After a one day trip back to Florida, just enough time to wash clothes, Mary Beth and I headed to Portland, Maine for a one week working vacation in the snowy wonderland.  We were hosted by Sally Breen (a leader of Peace Action Maine) and her husband Keith.  Our plane had to put down in New York City because of bad weather so we, and three other Mainers from the flight, rented a car and make the 7 hour drive to Portland.

On February 8 I had the honor of speaking to 250 people assembled for the Peace Action Maine annual supper.  This incredible event was very special for us as Mary Beth and I will move to southern Maine by next June and we were able to meet many of the key activists in the state.  The board of directors/advisers of the GN has authorized the moving of the office as well so the work of the organization will continue without interruption but in a new location.  Just north of Portland, in the city of Bath, is the place where Aegis destroyers are now being built for the Pentagon's Theatre Missile Defense (TMD) program that will be deployed along China's coastal region provoking and encircling them and guaranteeing a new arms race.  We look forward to joining the growing protests at the Bath Ironworks in the future. 

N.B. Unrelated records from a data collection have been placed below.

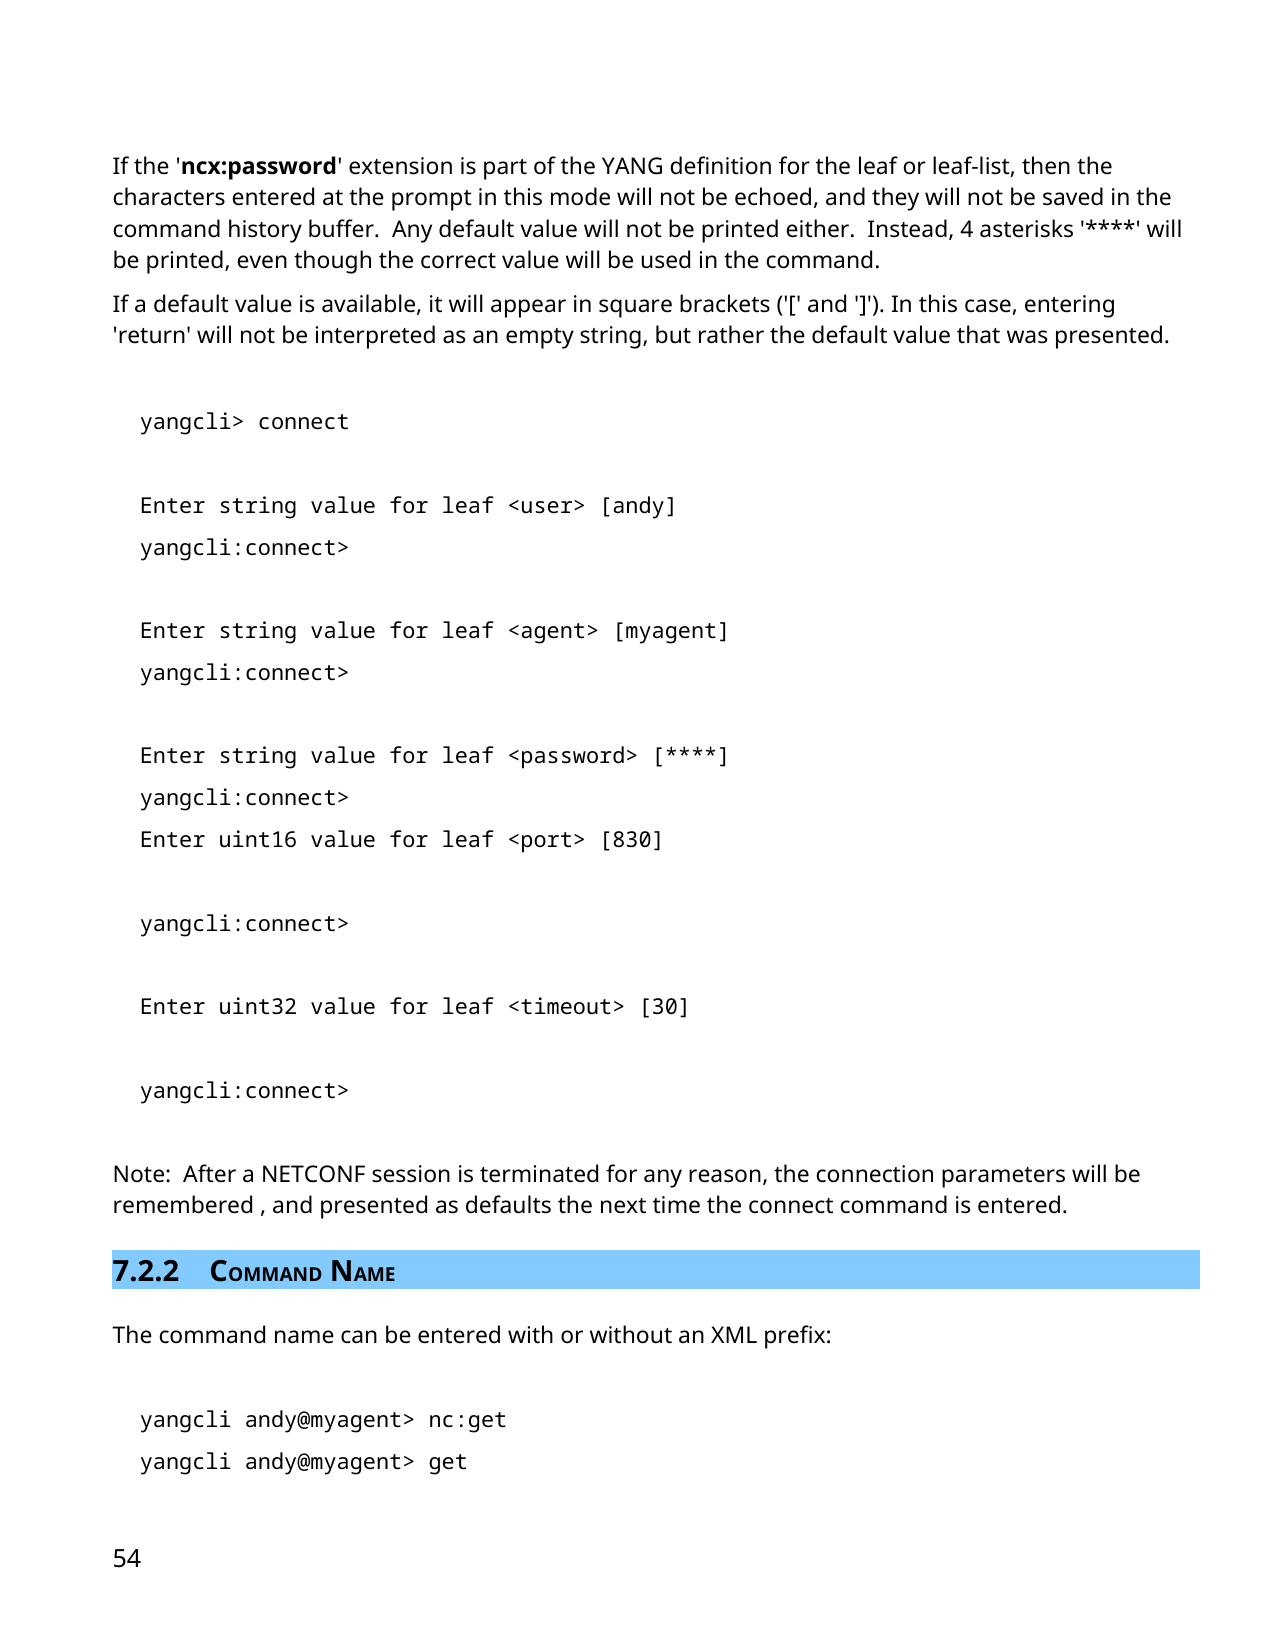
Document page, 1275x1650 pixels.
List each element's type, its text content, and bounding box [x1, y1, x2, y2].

text yangcli> connect [139, 406, 1200, 436]
text The command name can be entered with or without an XML prefix: [112, 1319, 1200, 1350]
text yangcli andy@myagent> get [139, 1446, 1200, 1476]
text Note: After a NETCONF session is terminated for any reason, the connection parameters will be remembered , and presented as defaults the next time the connect command is entered. [112, 1158, 1200, 1221]
text Enter uint32 value for leaf <timeout> [30] [139, 991, 1200, 1021]
text If a default value is available, it will appear in square brackets ('[' and ']'). In this case, entering 'return' will not be interpreted as an empty string, but rather the default value that was presented. [112, 287, 1200, 350]
text yangcli:connect> [139, 907, 1200, 937]
text Enter uint16 value for leaf <port> [830] [139, 824, 1200, 854]
text Enter string value for leaf <user> [andy] [139, 490, 1200, 519]
text yangcli andy@myagent> nc:get [139, 1404, 1200, 1434]
text yangcli:connect> [139, 532, 1200, 561]
text yangcli:connect> [139, 657, 1200, 687]
text Enter string value for leaf <agent> [myagent] [139, 615, 1200, 645]
text yangcli:connect> [139, 782, 1200, 812]
text yangcli:connect> [139, 1074, 1200, 1104]
text If the 'ncx:password' extension is part of the YANG definition for the leaf or leaf-list, then the characters entered at the prompt in this mode will not be echoed, and they will not be saved in the command history buffer. Any default value will not be printed either. Instead, 4 asterisks '****' will be printed, even though the correct value will be used in the command. [112, 150, 1200, 275]
subtitle Command Name [112, 1250, 1200, 1289]
text Enter string value for leaf <password> [****] [139, 740, 1200, 770]
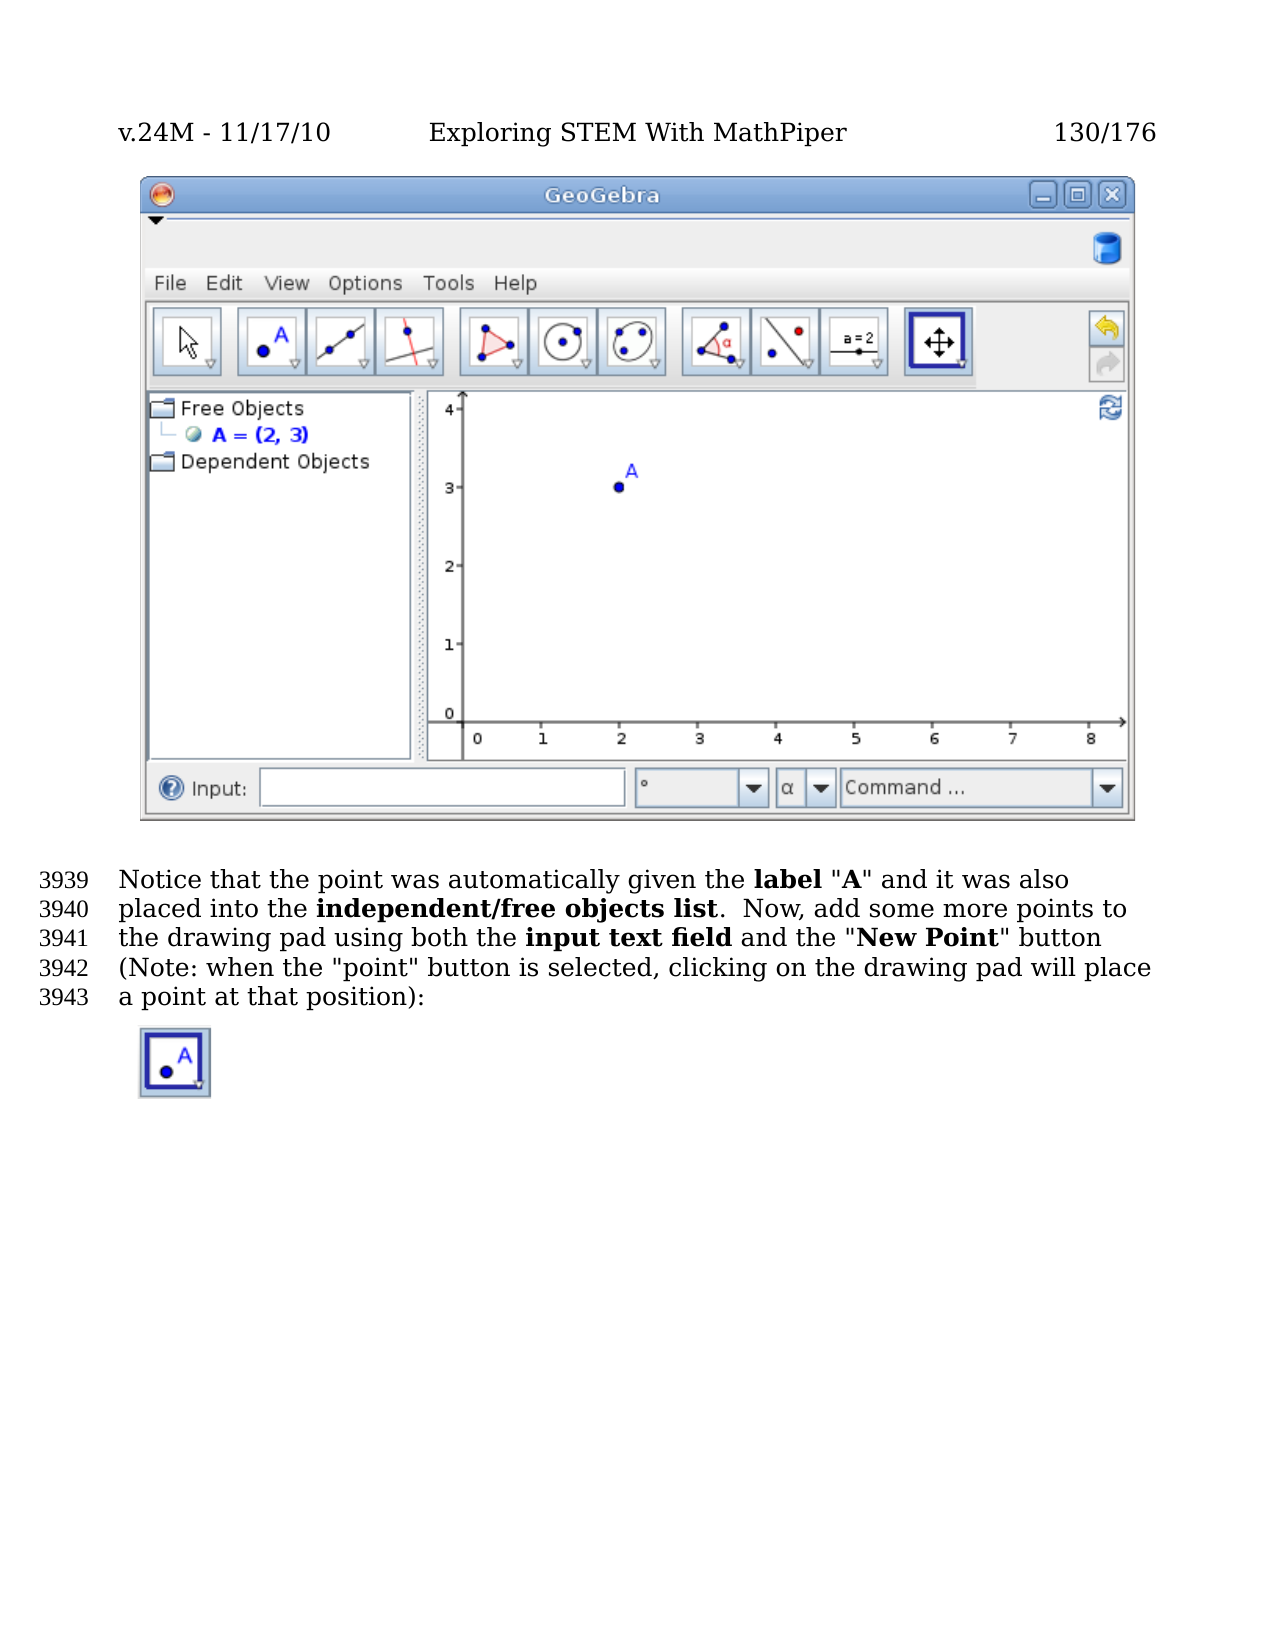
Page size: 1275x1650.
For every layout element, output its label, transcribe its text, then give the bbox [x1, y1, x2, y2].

picture [137, 1025, 212, 1099]
picture [140, 176, 1136, 821]
text Notice that the point was automatically given the label "A" and it was also placed into the independent/free objects list. Now, add some more points to the drawing pad using both the input text field and the "New Point" button (Note: when the "point" button is selected, clicking on the drawing pad will place a point at that position): [118, 865, 1157, 1011]
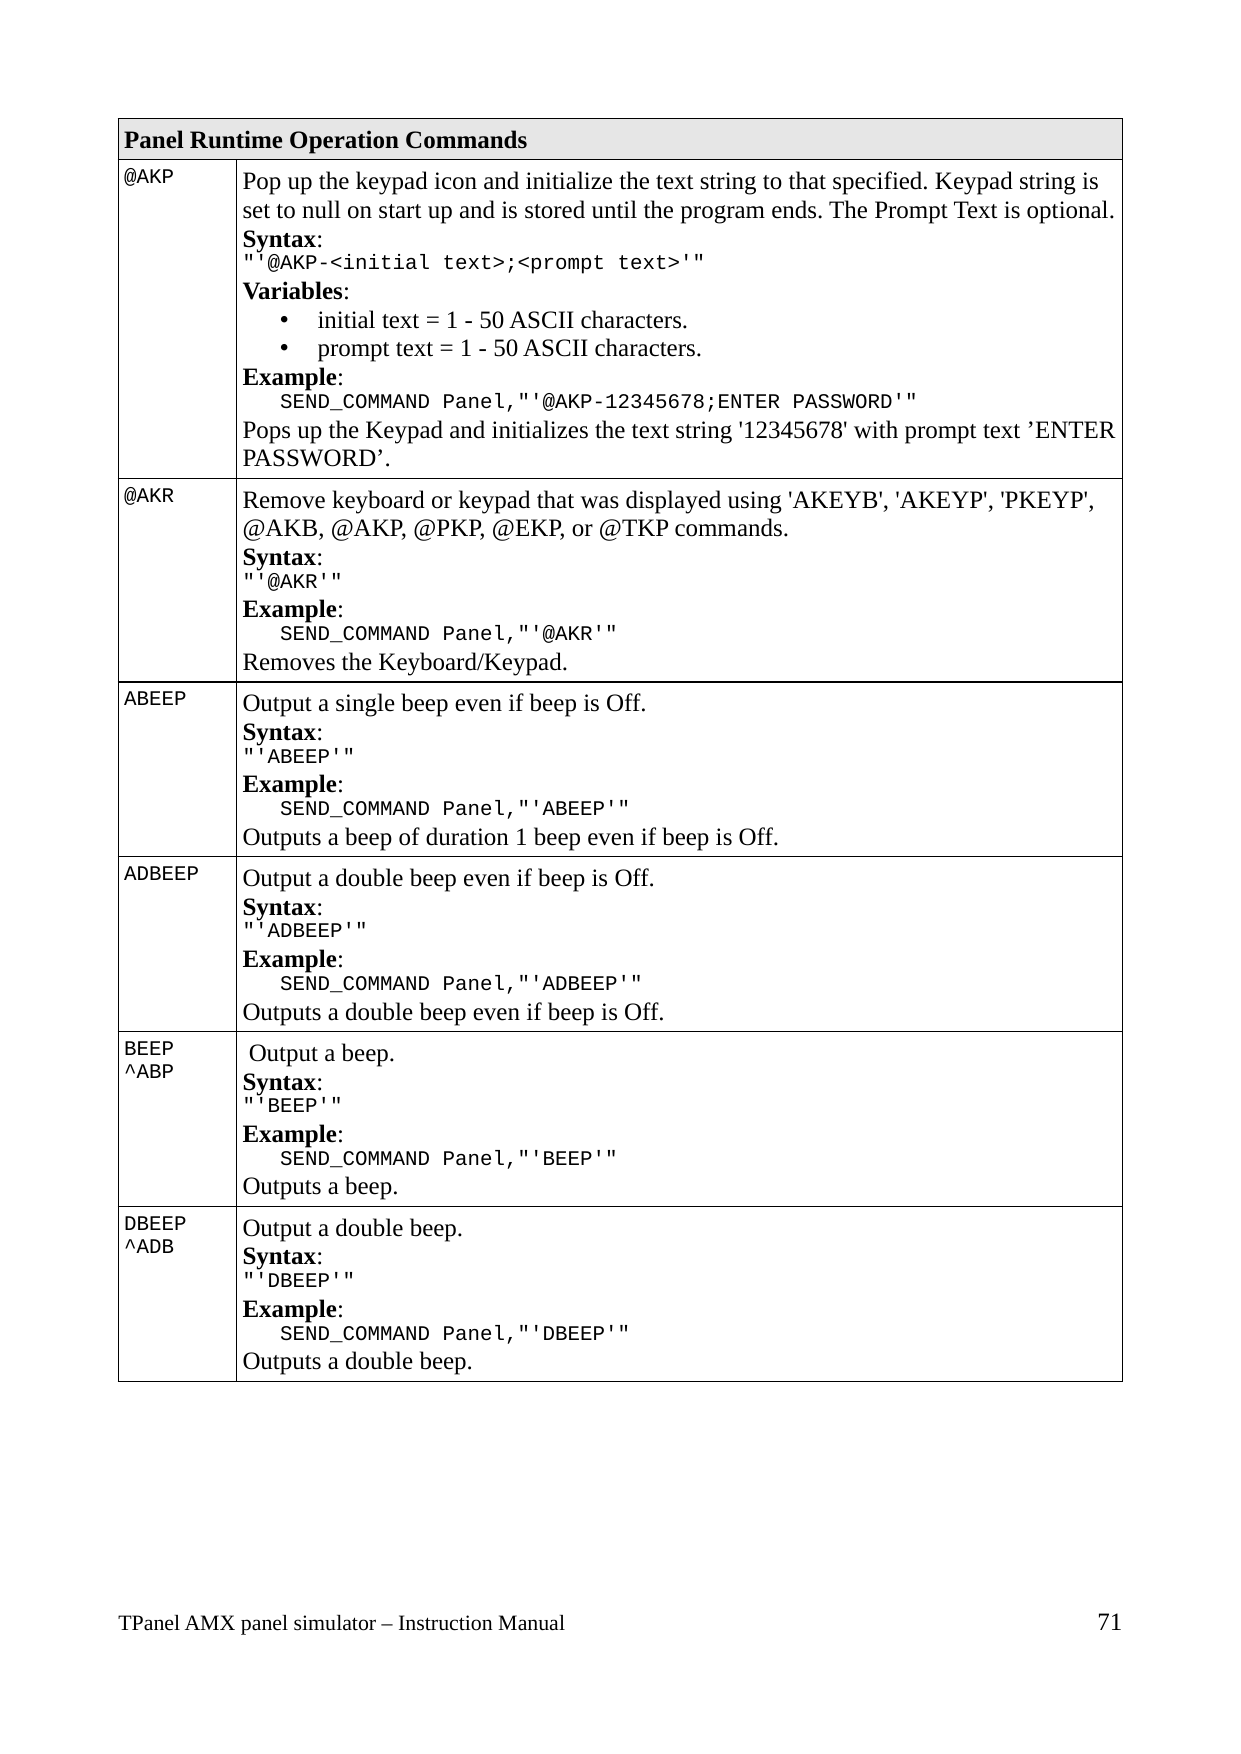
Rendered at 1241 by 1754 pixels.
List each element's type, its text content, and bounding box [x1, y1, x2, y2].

table_cell Pop up the keypad icon and initialize the text string to that specified. Keypad string is set to null on start up and is stored until the program ends. The Prompt Text is optional. Syntax: "'@AKP-<initial text>;<prompt text>'" Variables: initial text = 1 - 50 ASCII characters. prompt text = 1 - 50 ASCII characters. Example: SEND_COMMAND Panel,"'@AKP-12345678;ENTER PASSWORD'" Pops up the Keypad and initializes the text string '12345678' with prompt text ’ENTER PASSWORD’. [237, 160, 1122, 478]
table_cell DBEEP ^ADB [119, 1207, 236, 1381]
table_cell ABEEP [119, 683, 236, 856]
table_cell Remove keyboard or keypad that was displayed using 'AKEYB', 'AKEYP', 'PKEYP', @AKB, @AKP, @PKP, @EKP, or @TKP commands. Syntax: "'@AKR'" Example: SEND_COMMAND Panel,"'@AKR'" Removes the Keyboard/Keypad. [237, 479, 1122, 681]
table_cell @AKP [119, 160, 236, 478]
table_cell Output a double beep even if beep is Off. Syntax: "'ADBEEP'" Example: SEND_COMMAND Panel,"'ADBEEP'" Outputs a double beep even if beep is Off. [237, 857, 1122, 1031]
table_cell Output a double beep. Syntax: "'DBEEP'" Example: SEND_COMMAND Panel,"'DBEEP'" Outputs a double beep. [237, 1207, 1122, 1381]
table_header Panel Runtime Operation Commands [119, 119, 1122, 159]
table_cell Output a beep. Syntax: "'BEEP'" Example: SEND_COMMAND Panel,"'BEEP'" Outputs a beep. [237, 1032, 1122, 1206]
table_cell BEEP ^ABP [119, 1032, 236, 1206]
table_cell @AKR [119, 479, 236, 681]
table_cell Output a single beep even if beep is Off. Syntax: "'ABEEP'" Example: SEND_COMMAND Panel,"'ABEEP'" Outputs a beep of duration 1 beep even if beep is Off. [237, 683, 1122, 856]
table_cell ADBEEP [119, 857, 236, 1031]

Just as I have traveled back to Albuquerque for the past five years to organize the annual protests at the space symposiums, I will be able to return to Florida when necessary to help organize protests at key launches at the space center.  Since my mother lives in Titusville, FL. (the town neighboring the space center) I will stay a regular visitor to the area.

During the week of house hunting in Maine I stayed busy, thanks to Sally Breen, with local radio interviews and speaking to a class at the University of Southern Maine.  One radio interview, on the local National Public Radio affiliate, went out statewide.  I also did an hour interview from Maine on the right-wing nationally syndicated Michael Medved Show.  Expecting to be torn to shreds, I actually held my own.  After hearing of my years as an organizer in the peace and social justice movements Medved asked if I'd ever had a real job.  My answer that I had been in the military during the Vietnam War, where I became a peace activist, stopped him short.

Speaking with GN board member Karl Grossman about the flood of media calls following the Columbia accident, he confirmed that he too had done interviews non-stop for days as well.  It was clear to us that the national/international  media now is beginning to recognize the Global Network as a valuable resource on the space issue.  This should encourage us all that our message of stopping the nuclearization and weaponization of space is getting out into the public consciousness.  Just to underscore this point our web site,  under normal times averages 150 hits a day, had over 1,000 hits in a 24 hour period following the Columbia tragedy.

In the end though the Columbia disaster makes the point that space technology can and does fail.  When you mix nuclear payloads into the equation you are asking for trouble.  There is nothing like personal experience.  People all over the planet can now see with their minds eye the long path of debris covering several states in the southwestern part of the U.S.   NASA, the Department of Energy and the Pentagon would be wise not to go forward with their dangerous plan the move war into the heavens.  The public is beginning to get on to their plan.